Just to catch anyone up who is unfamiliar with the term GLP-1 agonist, this term refers to a class of medications that all act on the GLP-1 receptor. 

Medications that fall into this class include:

  • Wegovy (one of the most popular now)
  • Saxenda
  • Victoza
  • Trulicity
  • Byetta
  • Bydureon
  • Ozempic
  • Rybelsus
  • Mounjaro
  • And so on…

These medications were originally created for diabetes and blood sugar control but it was found that they had a powerful impact on weight. 

From there, the rest is history. 

People like me were using them off-label to help patients lose weight and, well, they worked very well. 

It wasn’t common for me to take patients who were unresponsive to the most aggressive weight loss therapies (including bariatric surgery), put them on these medications, and watch them lose weight. 

Yes, I definitely had these patients on more than just this medication (we used a combination of hormones, dietary changes, fasting, and so on), but there’s no denying that these medications made everything a lot easier. 

Eventually, the pharmaceutical companies caught wind of what was going on and they created new medications that were specifically designed for weight loss. 

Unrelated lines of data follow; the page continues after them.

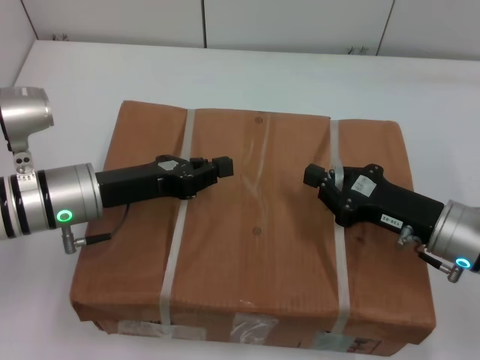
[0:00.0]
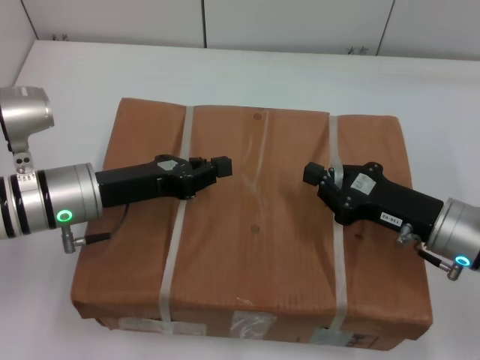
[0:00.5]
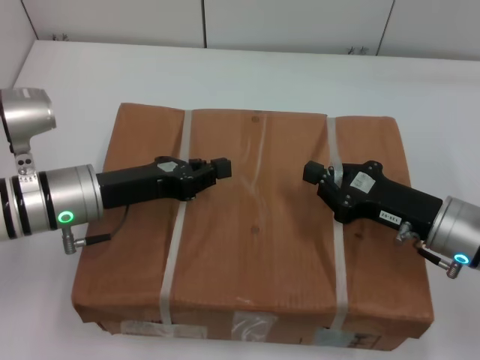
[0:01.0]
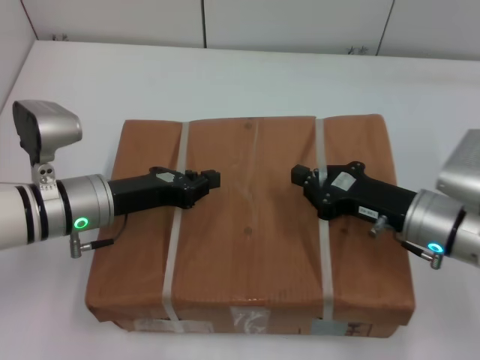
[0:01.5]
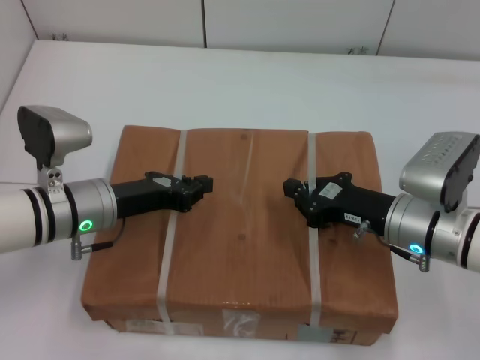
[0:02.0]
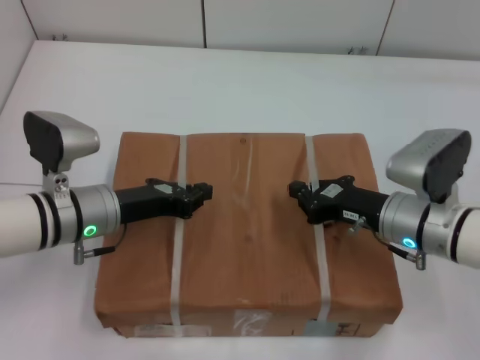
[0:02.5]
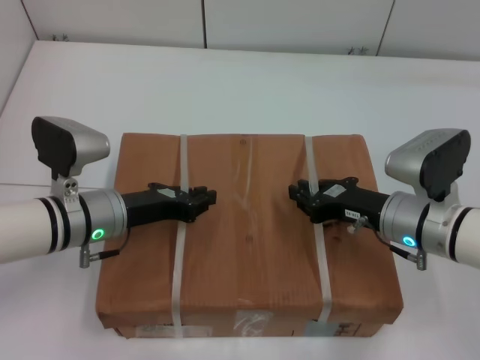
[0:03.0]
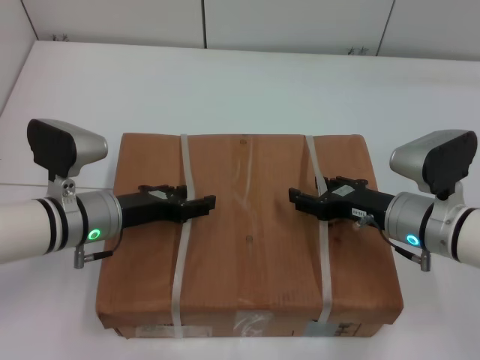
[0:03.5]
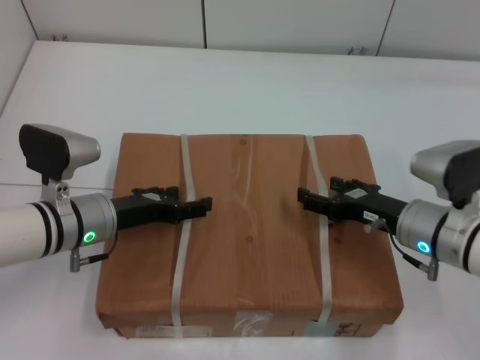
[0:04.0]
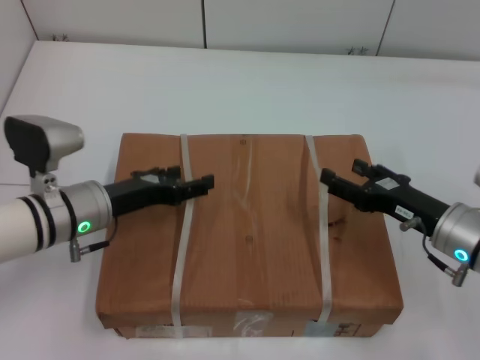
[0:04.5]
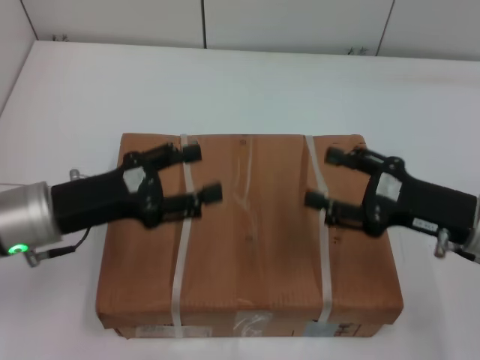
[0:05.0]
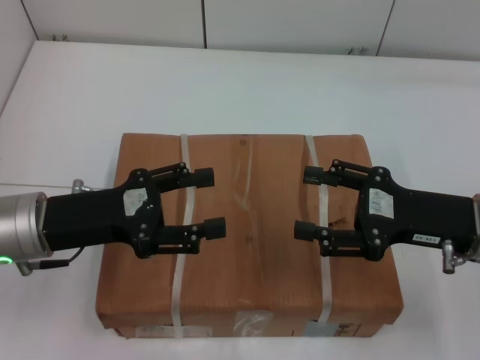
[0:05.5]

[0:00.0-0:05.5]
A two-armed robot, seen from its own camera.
Task of the whole recording: place the box on the table with both arms.
Step, 0:00.0 to 0:02.5: Place the box on the table with left gripper.
Step, 0:00.0 to 0:02.5: Place the box on the table with right gripper.
Step, 0:03.0 to 0:03.5: Loosen the box on the table with left gripper.
Step, 0:03.0 to 0:03.5: Loosen the box on the table with right gripper.
0:02.0 to 0:03.5: The left gripper opens its fingers. Meanwhile the right gripper opens up.
0:03.5 to 0:05.5: The right gripper goes about 10 cm upward, and opens up. Meanwhile the left gripper heads upward and backward, covering roughly 10 cm, and opens.
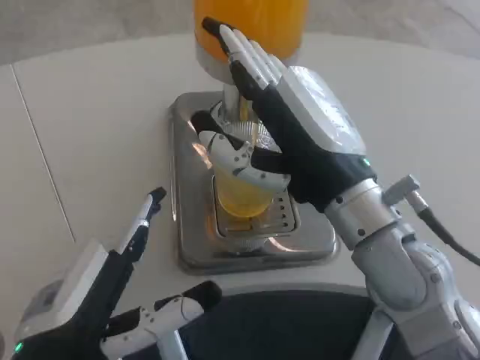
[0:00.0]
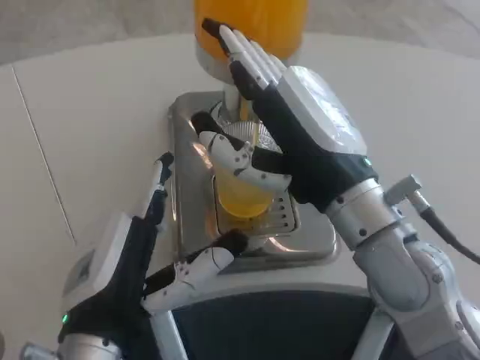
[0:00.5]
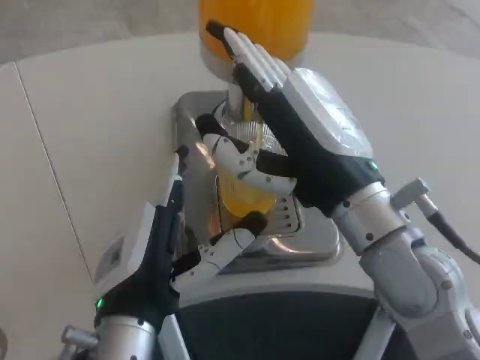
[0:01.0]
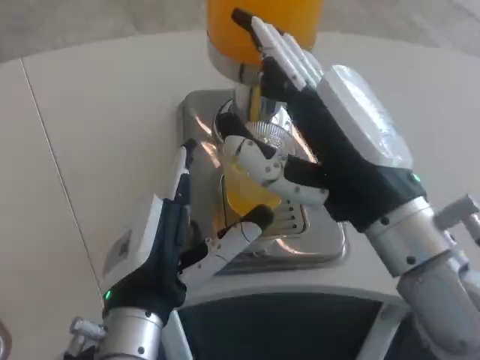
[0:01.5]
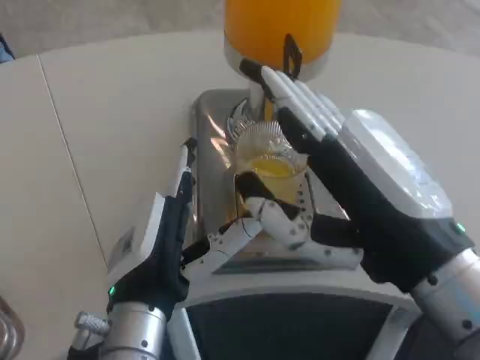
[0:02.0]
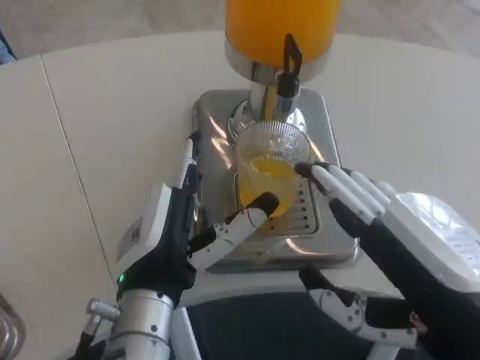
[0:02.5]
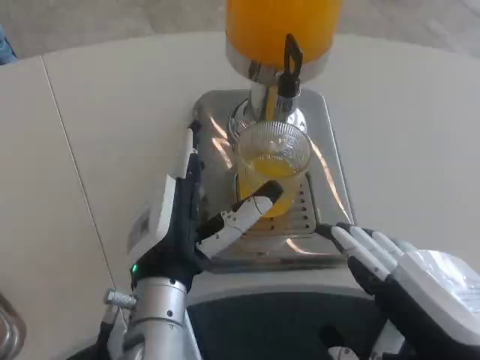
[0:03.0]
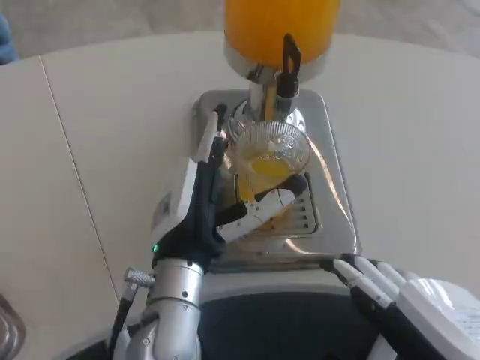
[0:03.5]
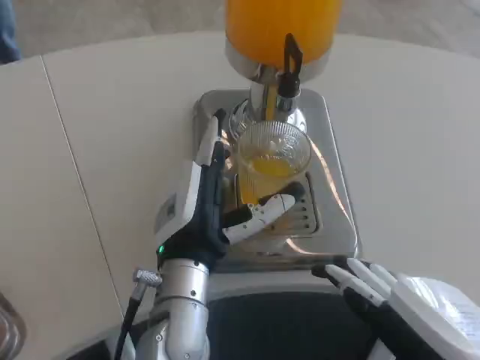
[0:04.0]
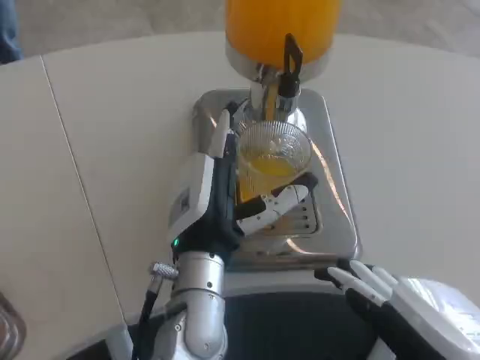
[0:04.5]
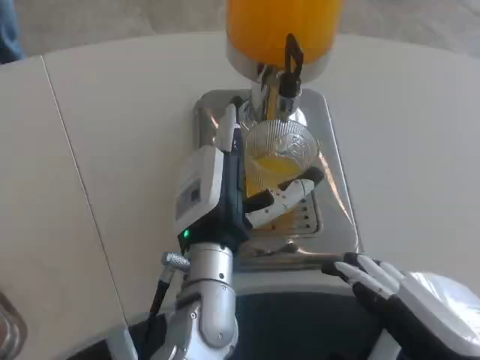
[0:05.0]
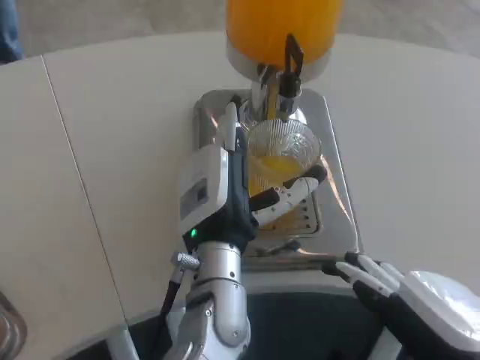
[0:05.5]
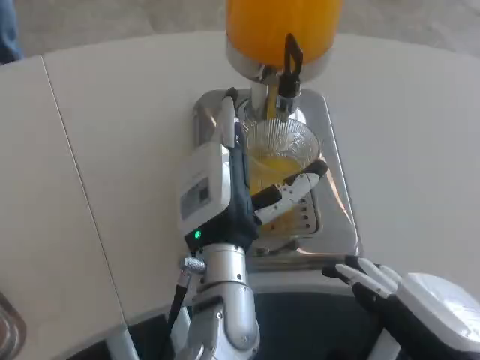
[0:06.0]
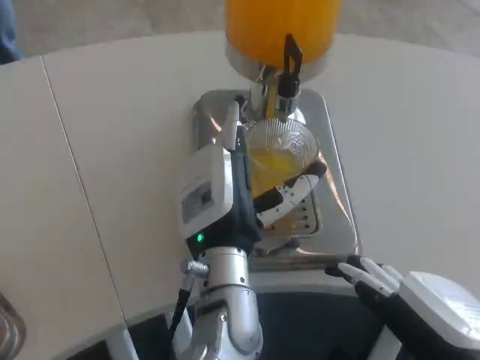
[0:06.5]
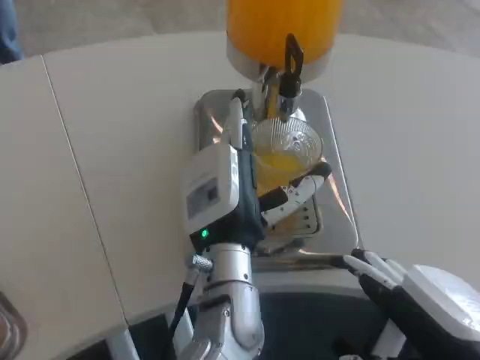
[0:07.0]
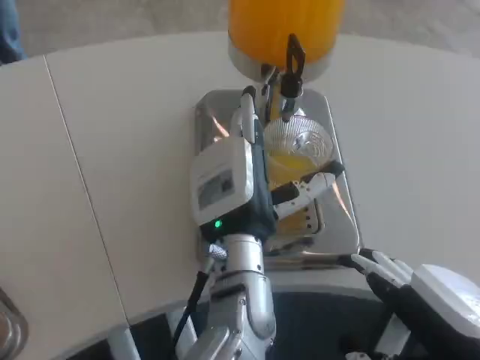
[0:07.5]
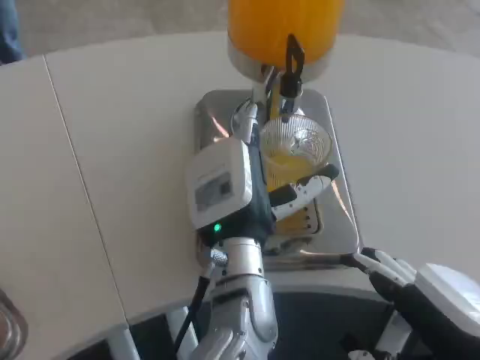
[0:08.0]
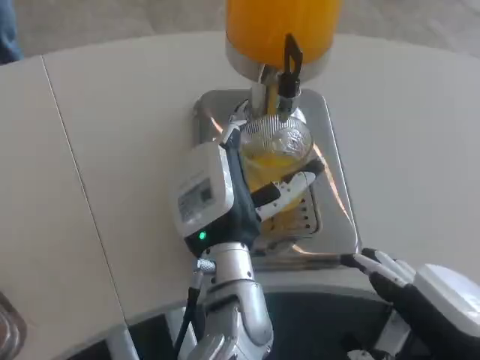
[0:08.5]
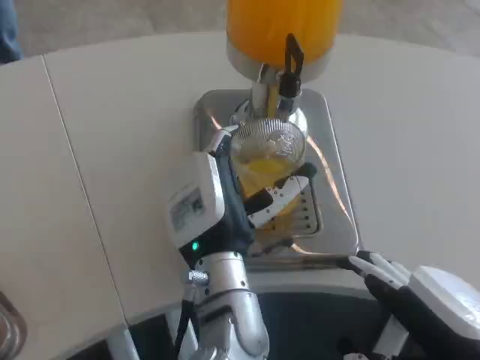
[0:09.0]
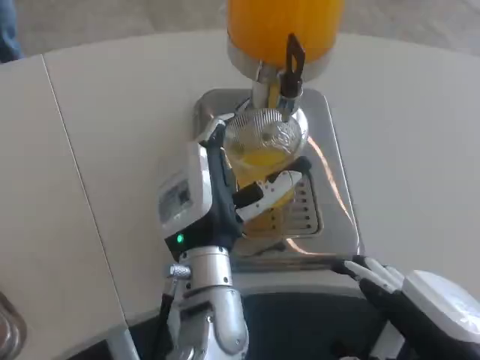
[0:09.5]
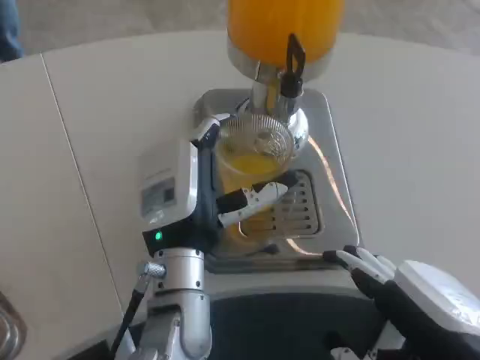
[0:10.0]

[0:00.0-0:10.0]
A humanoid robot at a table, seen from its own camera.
Task of the whole recording: Grasp the cup under the faucet to collect the drink, then remove the cup.
0:00.0 to 0:02.0: The right hand shifts approximately 10 cm backward. Meanwhile the left hand heads to the right and forward, covering approximately 10 cm.
0:02.0 to 0:04.0: The right hand heads backward, covering roughly 5 cm, while the left hand moves forward, about 5 cm.
0:04.0 to 0:06.0: The hands move only a little.
0:06.0 to 0:08.0: The hands stay close to where they were, moving slightly.
0:08.0 to 0:10.0: The left hand travels to the left by approximately 5 cm.

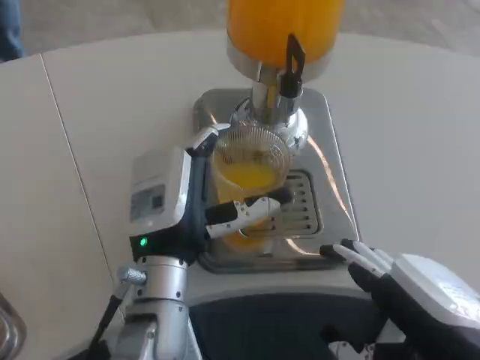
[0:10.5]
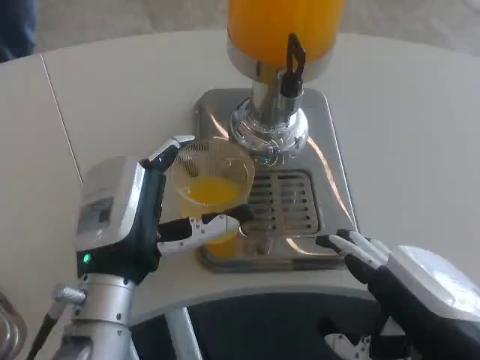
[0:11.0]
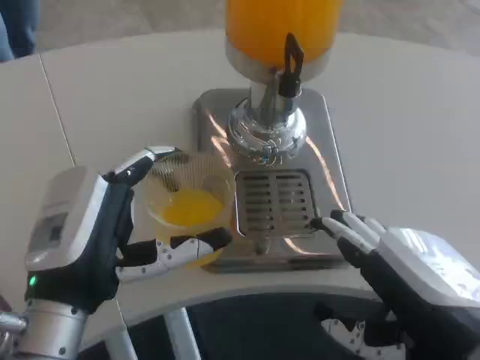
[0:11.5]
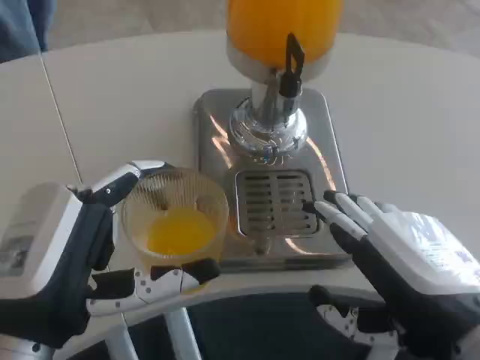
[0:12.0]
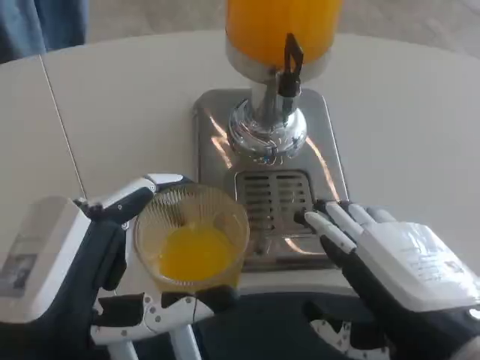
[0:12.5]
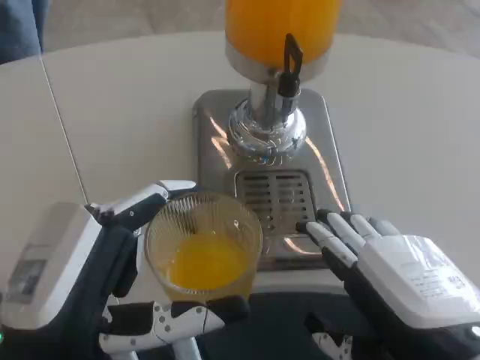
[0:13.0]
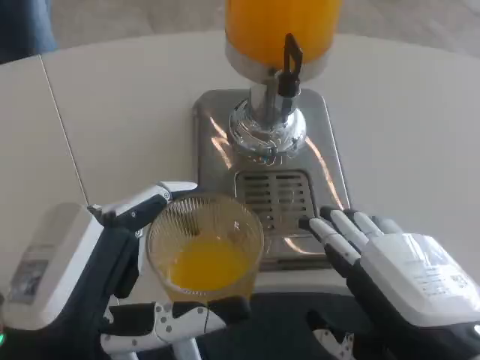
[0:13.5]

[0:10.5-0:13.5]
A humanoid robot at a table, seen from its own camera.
Task of the whole recording: Grasp the cup under the faucet to collect the drink, then remove the cup.
0:10.5 to 0:12.0: The left hand is displaced backward and to the left by some 15 cm.

So, now, we have several medications in the class of GLP-1 agonists designed for diabetes and some specifically designed for weight loss (even though they are exactly the same and just differ in dosing). 

I’m not here to talk about the pharmaceutical companies, though, I’m here to talk about whether or not these medications are safe to take for people interested in losing weight. 

If you were to ask me a few years ago what I thought about them, I would have given you raving reviews of their use. 

But nowadays, it’s safe to say that my opinion on these medications has changed quite a bit. 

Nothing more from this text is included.